Social Networks are revolutionizing how we view our world.  People are connecting, businesses are being created or transformed, and the world seems like a smaller place.  As with any transformation on a grand scale, a plethora of consultants, gurus, blogs, and how-to books have risen to meet the demand for information about the social revolution.

However, it is very rare to hear anything about the underlying forces that actually drive the social network phenomenon.

It’s a shame because the story is a great one that has implications, not only for social media, but for fields as diverse as counter-terrorism, ecology, economics, organizational theory and cancer research.  Network Theory has fundamentally changed our understanding about how the world works since its inception a decade ago.  Most of all, by understanding how networks form and grow, we can build better ones.

Fireflies and the President of the United States

Our story begins in 1996 at Cornell University in Ithaca, New York, where an adventurous rock climber and former Australian Navy Officer named, Duncan Watts, was thinking about how crickets, frogs, fireflies, and pacemaker cells all seem to be able to synchronize their behavior within large groups.

His mind must have began to wander because he suddenly remembered that his father once told him that everybody is just six relationships away from the President of the United States. The concept had existed in literature early in the 20th century and was documented in Stanley Milgram’s famous “Small World Experiment”.

In a flash of inspiration he went to his PhD thesis advisor, Steven Strogatz, and told him that he wanted to, yet again, change his thesis topic.  Watts had a hunch that both phenomena might be related.  Strogatz, somewhat used to giving his brilliant student leeway, consented.

The Strength of Weak Ties

As he began his research, Watts came across a highly cited paper written by Mark Granovetter called “The Strength of Weak Ties” about how people find jobs.  He found that most people don’t locate employment through their friends, but through friends of friends.

Granovetter dubbed these relationships “weak ties” (after the attraction between water molecules that give the liquid many of its properties).  Granovetter surmised that it is through weak ties that information is largely distributed.  While we can maintain relationships with relatively few people, the people they know greatly increase our access to facts, knowledge and wisdom.

We have friends from work, school, our neighborhood, etc.  While our ties may be strong ties to us, they are weak ties to our friends from separate clusters.  For instance, the felon in our neighborhood can be connected to the law professor at our university in only two steps!

Spacemen vs.
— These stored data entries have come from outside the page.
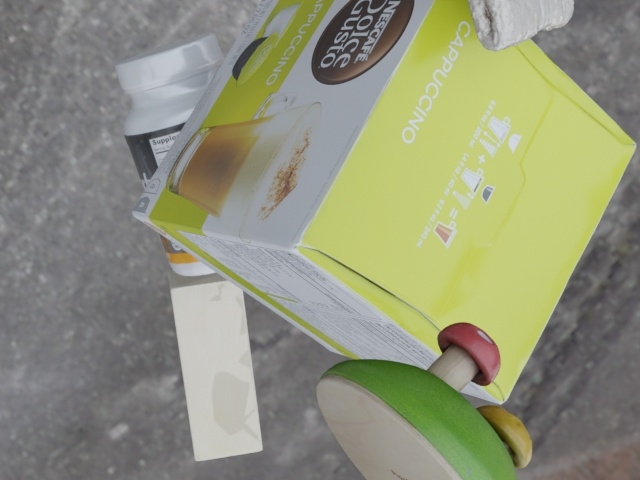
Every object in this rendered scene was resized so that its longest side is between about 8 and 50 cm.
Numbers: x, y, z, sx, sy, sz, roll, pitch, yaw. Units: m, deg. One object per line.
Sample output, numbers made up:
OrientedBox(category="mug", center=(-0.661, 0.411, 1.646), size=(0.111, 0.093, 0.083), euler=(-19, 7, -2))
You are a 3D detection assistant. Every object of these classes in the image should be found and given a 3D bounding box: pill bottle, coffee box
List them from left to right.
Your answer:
OrientedBox(category="pill bottle", center=(-0.153, -0.108, 1.678), size=(0.162, 0.162, 0.278), euler=(-25, 104, -29))
OrientedBox(category="coffee box", center=(0.071, -0.067, 1.474), size=(0.338, 0.334, 0.337), euler=(37, 75, -33))

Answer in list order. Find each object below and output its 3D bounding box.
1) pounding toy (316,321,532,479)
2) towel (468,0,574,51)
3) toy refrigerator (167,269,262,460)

Cavemen

Watts also began thinking about his youthful love of science fiction and two Isaac Asimov novels in particular; one about spacemen and another about cavemen. The spacemen communicated remotely so that the people they knew didn’t know each other, while the cavemen lived in isolated groups and knew everybody their friends knew.  He decided to build a mathematical model that would describe both situations and every possibility in between.

In addition to the “degrees of separation” metric (the average number of links it takes to get from one network member to another), Watts also created a “cluster coefficient,” in effect how tightly clustered communities are within the network.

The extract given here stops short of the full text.